A video camera is a great tool. You need to see how you look to other people. What better way is there to get a good look at yourself? How about standing in front of a mirror? Both of these tools help you check out how you appear to others, but both miss the most important aspect of your oral board answers: what you say and how you sound when you say it.

Only one tool can give you what you need when you practice: a hand-held tape recorder.

Think about it. The Oral board, you talking, and the officers on the board listening. That spotless police badge you want to wear hinges on you picking up a tape recorder and hearing what's going to come out of your mouth in that unbelievably important situation!
 
I was contacted by a coaching candidate recently. He had made it to some oral boards and one Chief's Oral, but had not been successful. Now, an invitation to the LAPD oral board had been offered, so he wanted to set up a private coaching session.

After a few moments of talking with him, I was aware of something critical that was probably missing in his previous preparations. I asked him if he used a tape recorder to practice. He hemmed and hawed and finally, like 99% of the candidates I interview, said, "Well, no. But, I'm thinking about it."
 
I told him to use a tape recorder to hear how he sounded. After trying this, he got the message: his answers were garbage.

Applicants want a badge so bad they will do nearly anything ethically and morally to get it; except to use the most effective preparation tool around.

For some reason, they don't get how valuable using a tape recorder is for practicing your answers. You can get your timing, inflection, and volume down pat; see where to cut material and how many uh's and duh's fill the pauses; and last, but not least, to see if you sound like Donald Duck's cousin.

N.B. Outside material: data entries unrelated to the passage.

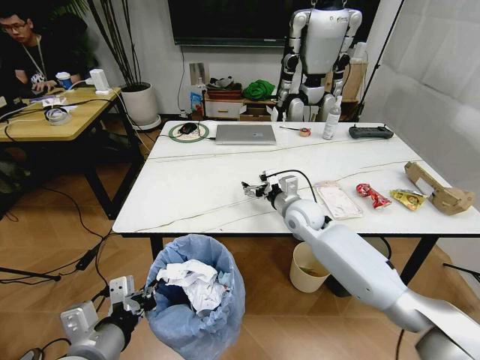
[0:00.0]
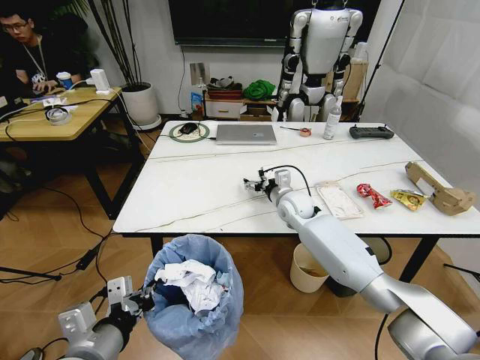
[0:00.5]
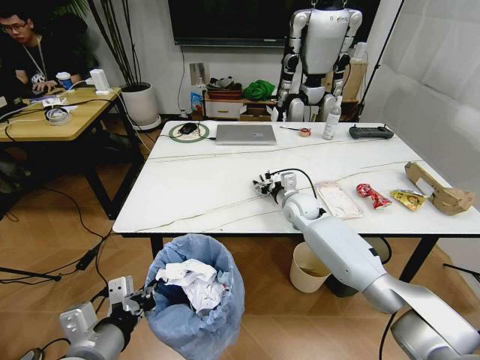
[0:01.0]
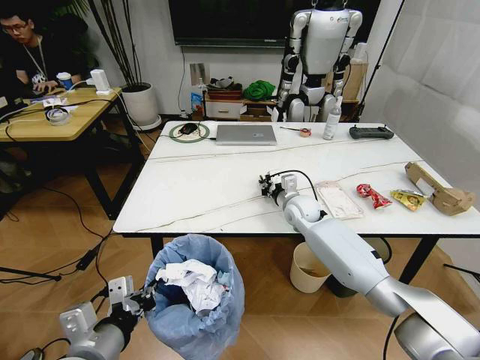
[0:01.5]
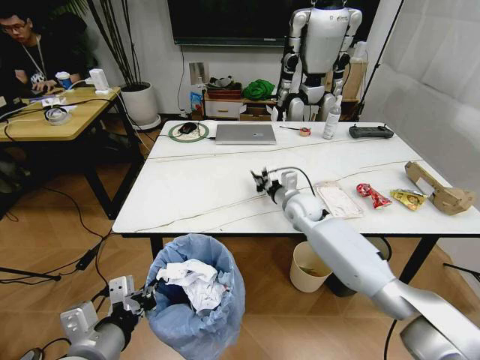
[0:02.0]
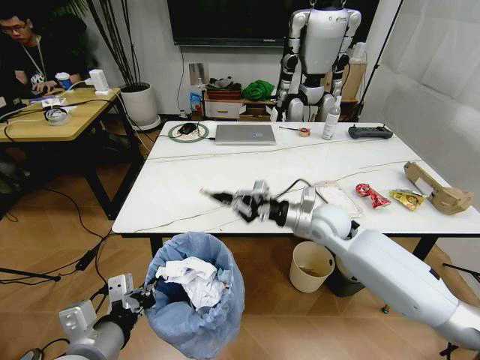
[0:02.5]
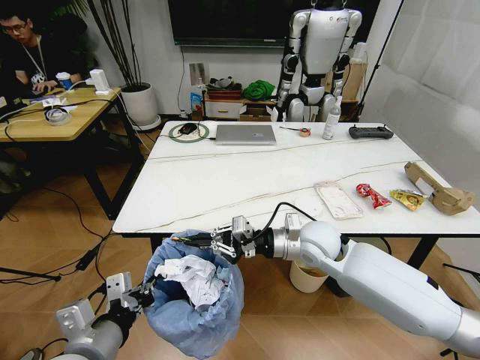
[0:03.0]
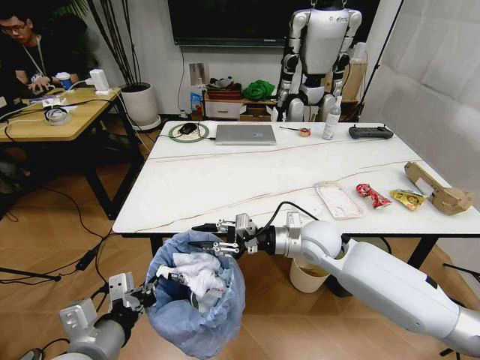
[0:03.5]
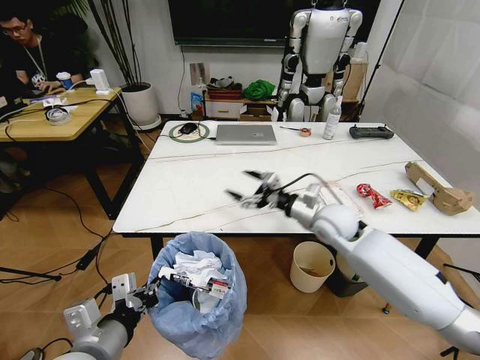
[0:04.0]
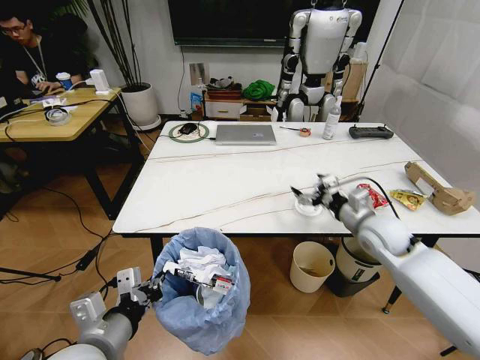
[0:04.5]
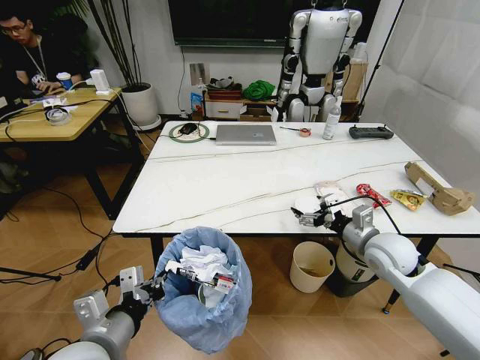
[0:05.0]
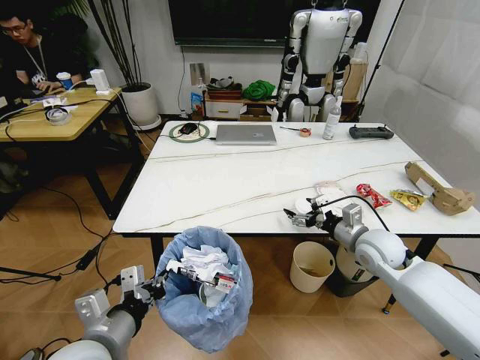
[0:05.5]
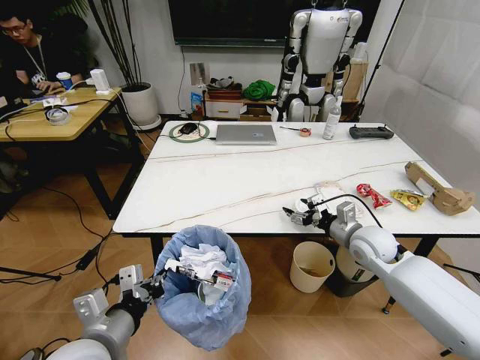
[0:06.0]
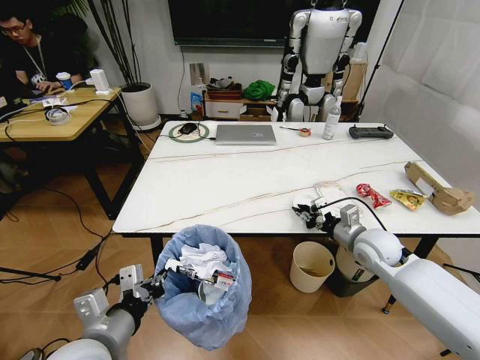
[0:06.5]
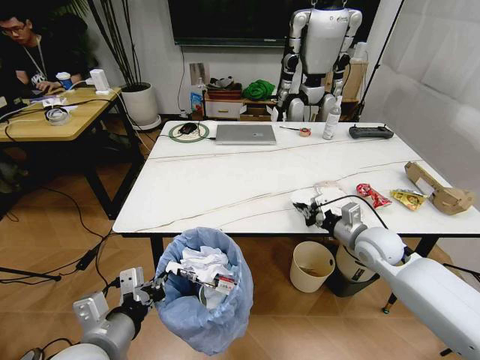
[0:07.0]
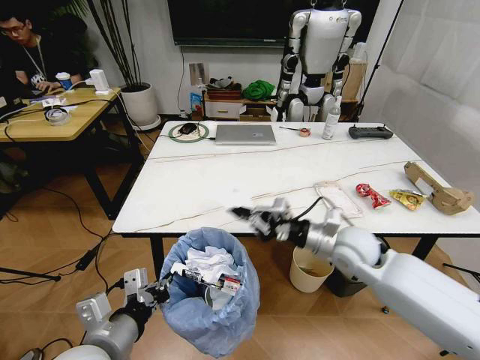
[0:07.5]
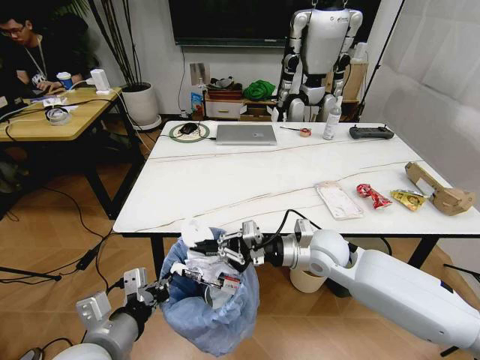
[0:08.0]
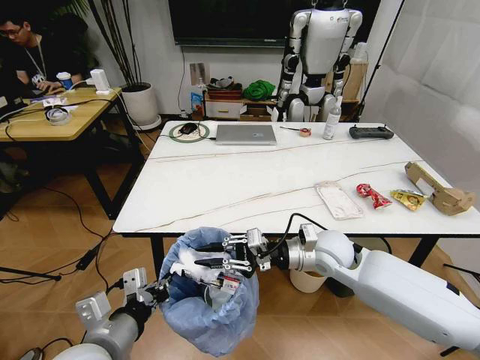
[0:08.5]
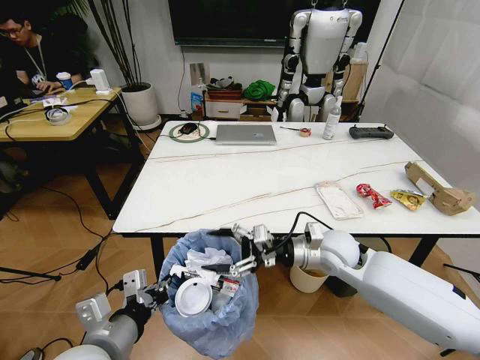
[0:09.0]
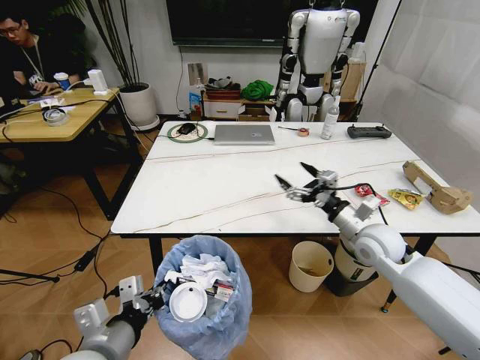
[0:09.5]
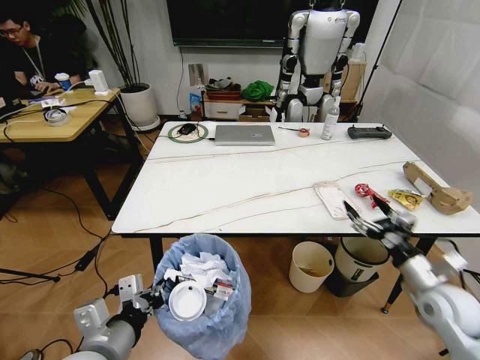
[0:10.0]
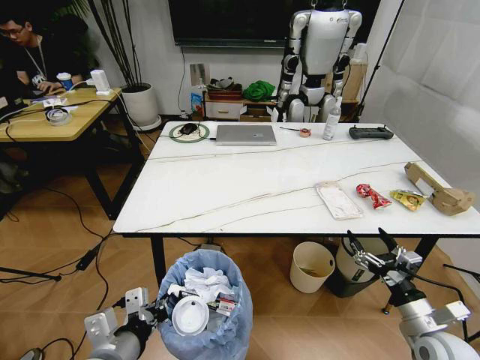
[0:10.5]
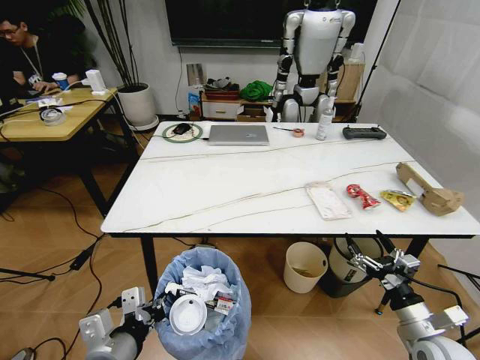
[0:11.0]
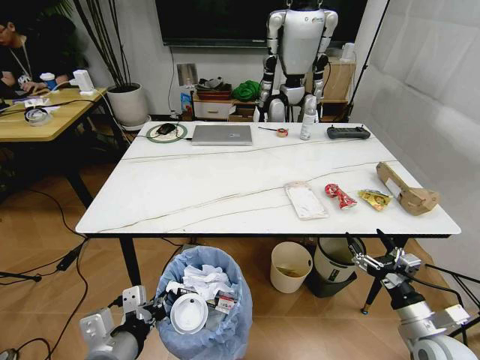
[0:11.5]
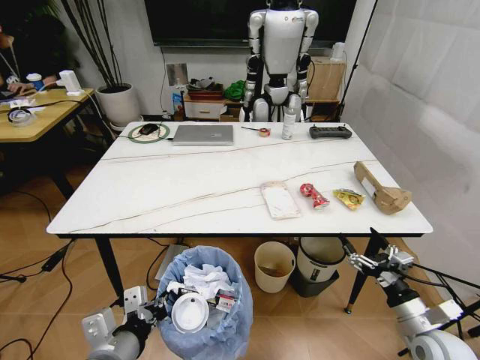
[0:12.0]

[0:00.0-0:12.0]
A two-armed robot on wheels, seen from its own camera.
Task of the whole recording: Pick up the trash bin and place the trash from the table into it.
0:00.0 to 0:02.0: The right gripper closes its fingers.
0:02.0 to 0:04.0: The right gripper shifts some 10 cm backward and to the right, and opens.
0:04.0 to 0:06.0: The right gripper heads to the right, covering roughly 10 cm.
0:06.0 to 0:08.0: The right gripper goes approximately 15 cm to the left, and closes its fingers.
0:08.0 to 0:10.0: The right gripper heads to the right and backward, covering some 25 cm, and opens up.
0:10.0 to 0:12.0: The right gripper goes about 10 cm backward and downward.

To be successful at the Oral boards, you need to get married to your hand-held tape recorder. You need to hear what the Oral board members are going to hear. That little tape recorder will narrow the distance between you and the badge you want so badly!
 
The first thing a candidate says when he hears his voice on a tape recorder is always: 'That's not me!' Well, yessir, it is you. And if you want it to sound different, glue that hand held tape recorder to your palm and practice, practice, practice!
 
It's a guy thing.

Guys prepare for the Orals by thinking about their answers and then writing them down. For some reason, they think that because they wrote them down, their answers will magically come rolling out of their mouths in the Oral. But, trust me, they won't! Your brain and mouth just don't work that way.
 
If you want to prepare by writing something down, try this:

Write down your oral board questions on some 3x5 cards. You can use the Top 20 Asked Oral Board Questions found at PoliceExam911.com.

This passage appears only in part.